Substance, Business Continuity, and Data Standards

Physical substance. The authorization application must document a physical place of effective management inside the EU. At least one director exercising real authority must be resident within the Union and accessible to the NCA of the home member state. A registered address supported by a nominee director arrangement does not satisfy this requirement. A director present in the EU for two weeks per quarter does not qualify as a resident in any meaningful regulatory sense. For firms headquartered outside the EU, the EU entity must function as a real decision-making unit.

Business continuity.
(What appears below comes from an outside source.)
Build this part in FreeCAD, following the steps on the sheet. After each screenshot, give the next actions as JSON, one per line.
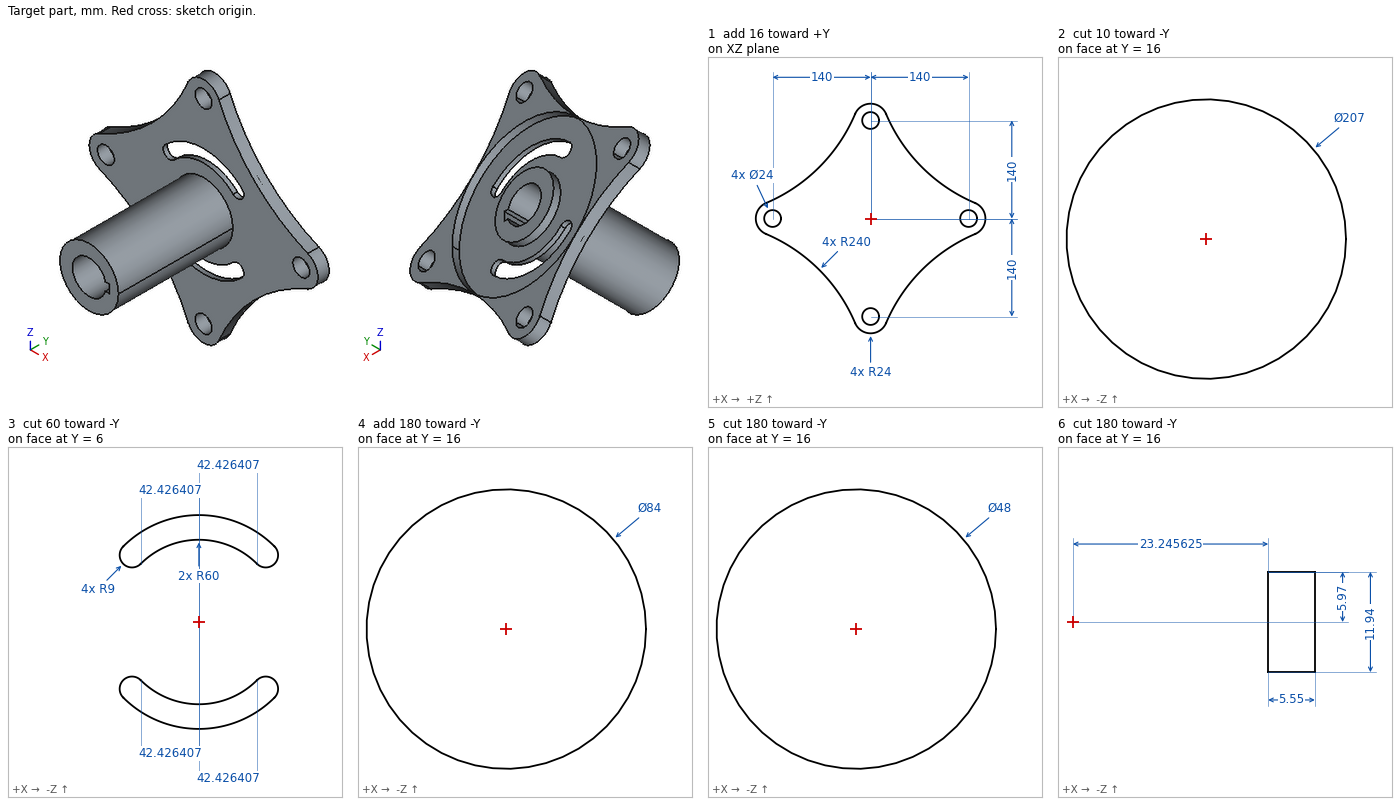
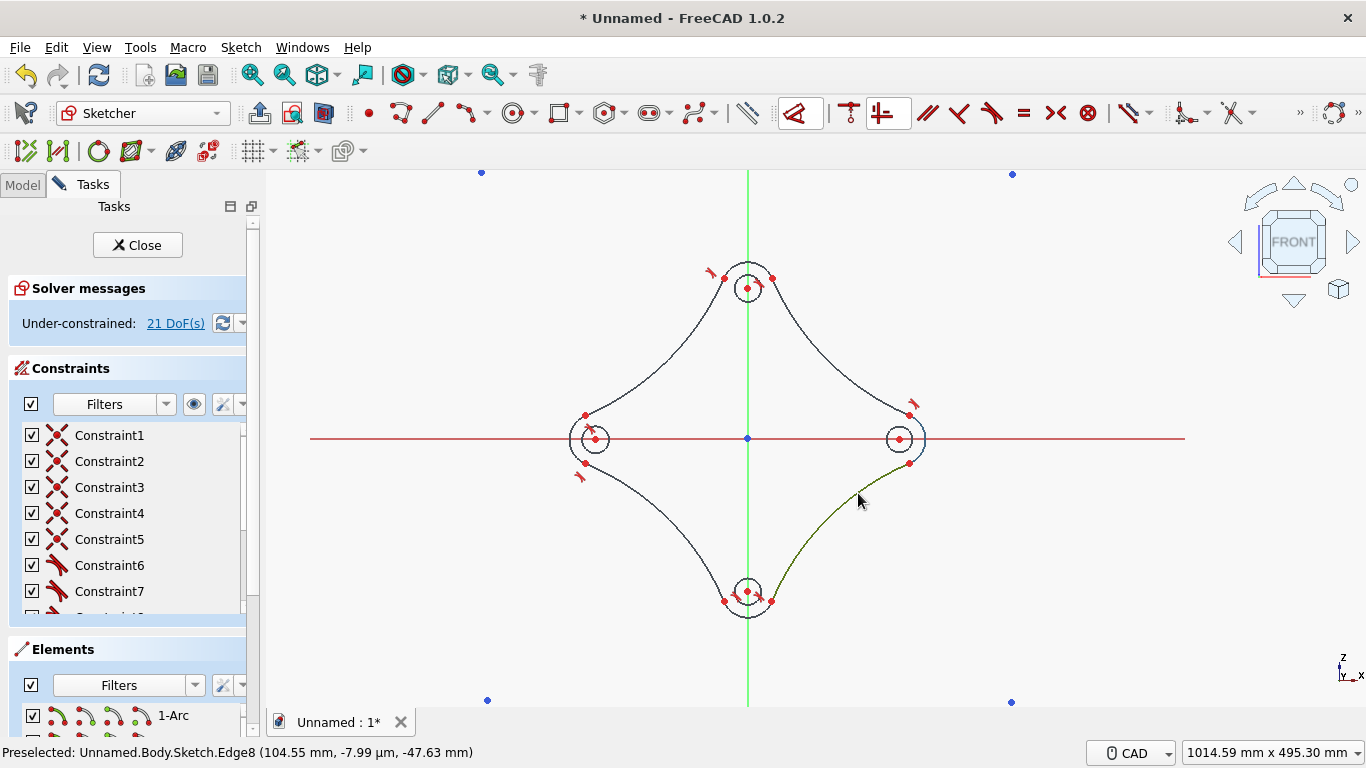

Business continuity is widely treated as an IT responsibility. Under MiCA and the Digital Operational Resilience Act (DORA, Regulation EU 2022/2554), that framing is incorrect for any authorized CASP. The Business Continuity Policy must be owned and maintained by the management body. For firms operating on permissionless DLT (public blockchains such as Ethereum), ESMA’s second consultation paper introduced specific obligations: proactive client communication during service disruptions, a clear picture of how resumption will be managed, and full liability for losses arising from the firm’s own smart contracts. A compliance team that can only describe blockchain risk in general terms cannot draft or maintain a policy that meets this standard.

Data standards. CASPs operating trading platforms must use the Digital Token Identifier (DTI) standard for all record-keeping and NCA reporting. ISO 20022 messaging standards govern the transactional data format submitted to authorities. Pre- and post-trade transparency data must flow through non-discriminatory, machine-readable public channels. These are compliance obligations with a technical dimension. A firm that delegates them entirely to IT without compliance oversight of the specific data standards the RTS demands will face supervisory problems after authorization.

What This Means for Founders

The authorization application documents an institution that already exists. That is the mental model separating firms that move efficiently through the process from those that stall.

Three things determine whether a management body meets the MiCA standard:

• Collective knowledge coverage. The team, taken as a unit, must cover traditional financial markets expertise, DLT and cybersecurity proficiency, and organizational governance capability. Gaps in any domain are structural deficiencies;
• Documented structural independence. The compliance, risk, and audit functions must each have a named owner, a direct reporting line to the management body, and verified independence from the business areas they oversee. An org chart that routes compliance through a revenue-generating function will not survive NCA review;
• Real institutional substance. Time commitments must be genuine and documented. EU physical presence must reflect actual decision-making weight. Business continuity must be owned at the management body level. Data reporting must meet DTI and ISO 20022 standards from day one.

The CASP license application is the output. The compliance architecture is the foundation. Build the foundation first.